Data under study START
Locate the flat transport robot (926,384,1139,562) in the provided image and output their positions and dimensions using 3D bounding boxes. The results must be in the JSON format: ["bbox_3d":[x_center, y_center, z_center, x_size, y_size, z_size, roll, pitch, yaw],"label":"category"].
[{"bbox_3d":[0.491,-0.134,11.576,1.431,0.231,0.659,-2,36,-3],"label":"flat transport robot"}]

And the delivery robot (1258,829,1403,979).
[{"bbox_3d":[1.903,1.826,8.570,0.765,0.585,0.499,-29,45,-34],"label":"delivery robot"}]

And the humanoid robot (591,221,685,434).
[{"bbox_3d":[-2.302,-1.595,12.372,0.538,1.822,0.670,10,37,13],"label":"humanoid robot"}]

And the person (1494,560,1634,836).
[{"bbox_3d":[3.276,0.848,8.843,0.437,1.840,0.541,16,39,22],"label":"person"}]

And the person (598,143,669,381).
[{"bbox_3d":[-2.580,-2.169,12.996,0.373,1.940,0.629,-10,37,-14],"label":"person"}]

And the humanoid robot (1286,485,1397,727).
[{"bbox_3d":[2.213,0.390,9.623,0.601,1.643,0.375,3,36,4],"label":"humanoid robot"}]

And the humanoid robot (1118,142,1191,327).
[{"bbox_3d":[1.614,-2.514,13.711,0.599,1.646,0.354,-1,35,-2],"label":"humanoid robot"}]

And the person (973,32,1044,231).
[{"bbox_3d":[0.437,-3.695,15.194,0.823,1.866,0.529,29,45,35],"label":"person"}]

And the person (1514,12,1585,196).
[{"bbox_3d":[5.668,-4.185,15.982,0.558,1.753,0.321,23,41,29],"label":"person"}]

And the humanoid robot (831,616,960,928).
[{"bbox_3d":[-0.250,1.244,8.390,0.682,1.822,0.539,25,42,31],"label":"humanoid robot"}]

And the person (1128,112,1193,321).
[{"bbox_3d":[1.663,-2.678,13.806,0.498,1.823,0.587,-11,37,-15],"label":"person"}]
Data under study END
Data under study START
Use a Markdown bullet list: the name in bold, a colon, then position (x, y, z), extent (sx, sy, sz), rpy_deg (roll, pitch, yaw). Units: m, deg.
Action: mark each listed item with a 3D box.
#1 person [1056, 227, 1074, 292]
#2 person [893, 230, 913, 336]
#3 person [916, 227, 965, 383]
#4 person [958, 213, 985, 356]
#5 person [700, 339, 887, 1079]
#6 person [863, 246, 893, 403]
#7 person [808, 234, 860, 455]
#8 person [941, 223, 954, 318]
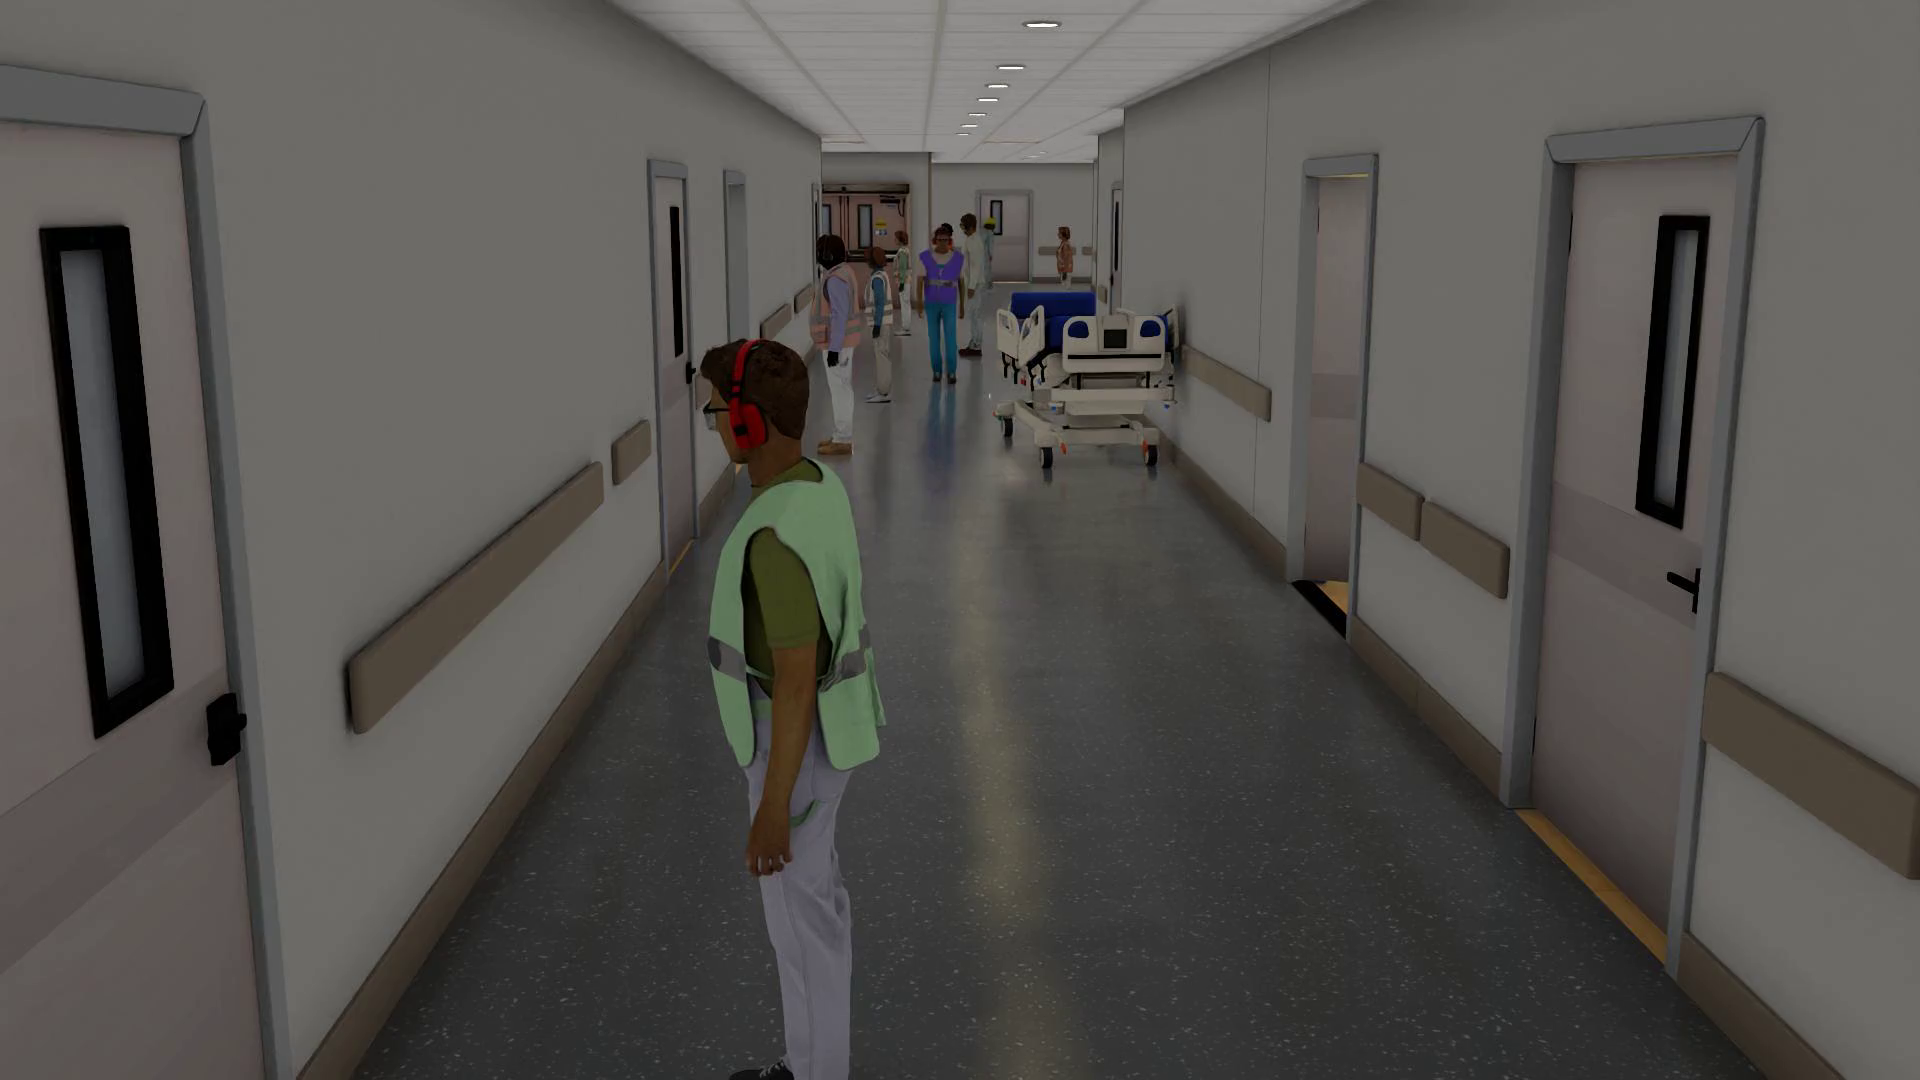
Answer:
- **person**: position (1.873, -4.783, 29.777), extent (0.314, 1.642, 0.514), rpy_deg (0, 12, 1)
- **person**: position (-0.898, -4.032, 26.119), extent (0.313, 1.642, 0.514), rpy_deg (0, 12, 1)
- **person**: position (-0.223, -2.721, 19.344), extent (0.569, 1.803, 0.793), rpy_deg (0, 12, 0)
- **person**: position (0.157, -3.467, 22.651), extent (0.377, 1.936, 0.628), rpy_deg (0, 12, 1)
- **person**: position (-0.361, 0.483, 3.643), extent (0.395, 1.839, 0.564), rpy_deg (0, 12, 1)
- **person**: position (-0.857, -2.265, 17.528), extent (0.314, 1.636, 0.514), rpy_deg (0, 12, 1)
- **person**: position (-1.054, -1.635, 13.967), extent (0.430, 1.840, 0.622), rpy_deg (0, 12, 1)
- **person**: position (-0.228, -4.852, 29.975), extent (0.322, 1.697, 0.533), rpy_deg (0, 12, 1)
Data under study END
Look back at the data above. Transcribe exactly the lines starting at the line that contains "#6 person [863, 246, 893, 403]" and ending at the line that contains "#8 person [941, 223, 954, 318]".

_Reply to the exercise_.
#6 person [863, 246, 893, 403]
#7 person [808, 234, 860, 455]
#8 person [941, 223, 954, 318]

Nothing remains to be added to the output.